Latent Demand Is Your AI Roadmap

TL;DR
- The strongest product signals come from watching users misuse your product to do something it wasn't designed for
- This principle applies doubly to AI products, where the model itself exhibits latent demand by trying to use tools in ways you didn't anticipate
- I built three products at Cotality by spotting latent demand in user behaviour long before any roadmap committee identified the opportunity
The best products aren't invented. They're extracted from behaviour that already exists.
Facebook Marketplace started because 40% of posts in Facebook Groups were people buying and selling things. Nobody at Facebook designed Groups for commerce. Users figured it out because the tool was close enough to what they needed. The gap between "close enough" and "purpose-built" was Marketplace, one of the most successful product launches in Facebook's history.
This is latent demand: users bending a product toward a use case it wasn't designed for, because the underlying need is strong enough to tolerate the friction.
For AI products, latent demand is the single most reliable signal for what to build next.
The pattern at Cotality
I saw this pattern three times across a portfolio of eight products, and each time it produced a product that outperformed anything generated by a planning process.
OnTheHouse and the give-to-get funnel. OnTheHouse was a free consumer property portal. We built it for brand awareness and SEO. What we observed was that consumers weren't just browsing. They were using the free property reports as ammunition for conversations with real estate agents. They'd walk into an agent's office with a printed OnTheHouse report and use our data to negotiate. The agents noticed. They started asking us: can we get the same data, but formatted for our use case?
That observation, consumers weaponising free data in professional contexts, was the latent demand signal for the give-to-get lead generation model. We didn't invent the insight. We watched it emerge from user behaviour and built the infrastructure to capture it. The result was a new product category connecting consumer tools to agent workflows. No roadmap committee would have surfaced that. It required watching what people actually did with the product, not what we designed it for.

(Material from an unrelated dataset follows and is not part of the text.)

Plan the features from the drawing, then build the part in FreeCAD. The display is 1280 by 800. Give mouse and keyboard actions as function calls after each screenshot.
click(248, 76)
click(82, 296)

Rita and SMS prospecting. When we acquired Rita in 2021, it was an AI-powered SMS prospecting tool for real estate agents. The original use case was outbound lead generation. What we observed post-acquisition was that agents were using the two-way SMS capability not just for prospecting but for ongoing relationship management. They were treating Rita as a CRM they could talk to. The messages weren't cold outreach. They were follow-ups, check-ins, appointment reminders.

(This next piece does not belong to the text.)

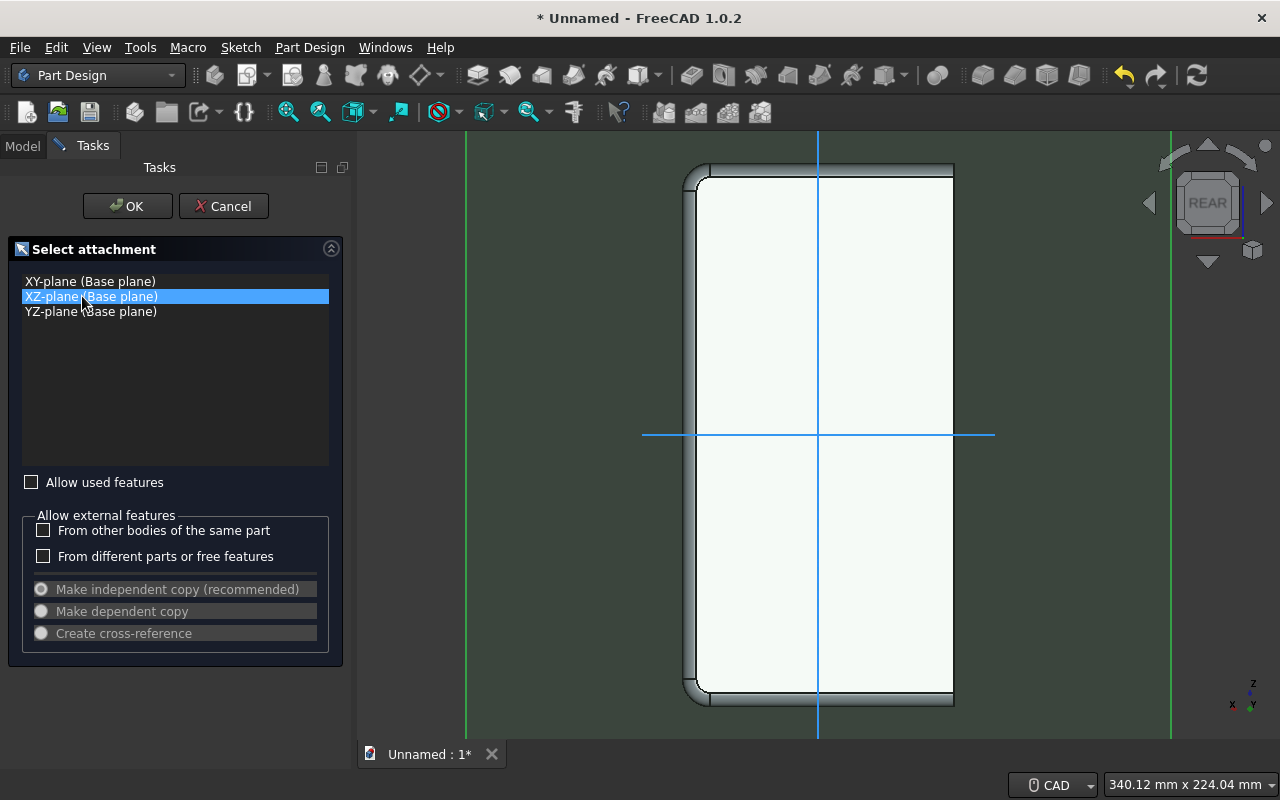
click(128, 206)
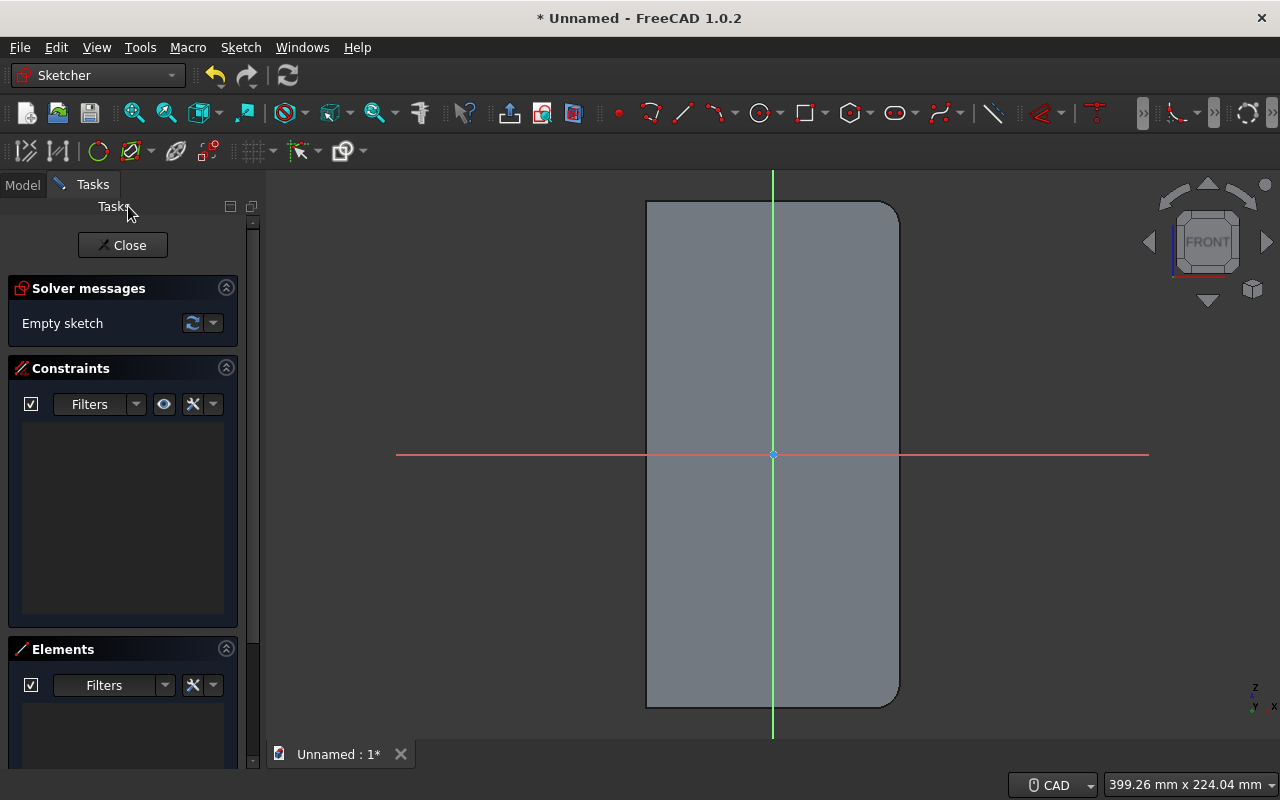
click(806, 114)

The latent demand signal was clear: agents didn't want another prospecting tool. They wanted a system that maintained relationships at scale through conversational channels. That insight reshaped how we positioned and developed the product within the broader portfolio.
Plezzel and portfolio-as-funnel. When we acquired Plezzel in 2023, it was an advertising platform for real estate agents. Standalone, it was a digital ad product competing in a crowded market. What I observed was that the agents using Plezzel were also using OnTheHouse data, also getting leads from our consumer funnel, also interacting with Rita. They weren't using four separate products. They were operating across one ecosystem, even though we hadn't designed it that way.
That accidental overlap was latent demand for portfolio integration. The funnel wasn't consumer traffic → leads → prospecting → advertising because we planned it that way. It was because users were already connecting the dots themselves. We just needed to remove the friction.

How latent demand works in AI products
AI products generate a second layer of latent demand that traditional products don't. The model itself has latent demand.
When you give an LLM a set of tools, it doesn't just use them the way you intended. It discovers uses you didn't anticipate. This is the model's version of users misusing your product: the model is "misusing" tools to accomplish goals you didn't explicitly design for.
I saw this building AI features for OpenChair and OpenTradie. The AI receptionist for beauty salons was designed to handle booking calls. What I observed in production was the model using its available tools to handle enquiries that weren't bookings at all: pricing questions, service availability checks, even rudimentary customer complaints. It was routing around the limitations of its prompt by creatively combining tools I'd given it for other purposes.
That's latent demand from the model. The correct response isn't to constrain the model back into its box. It's to ask: what tool would make this emergent behaviour work properly?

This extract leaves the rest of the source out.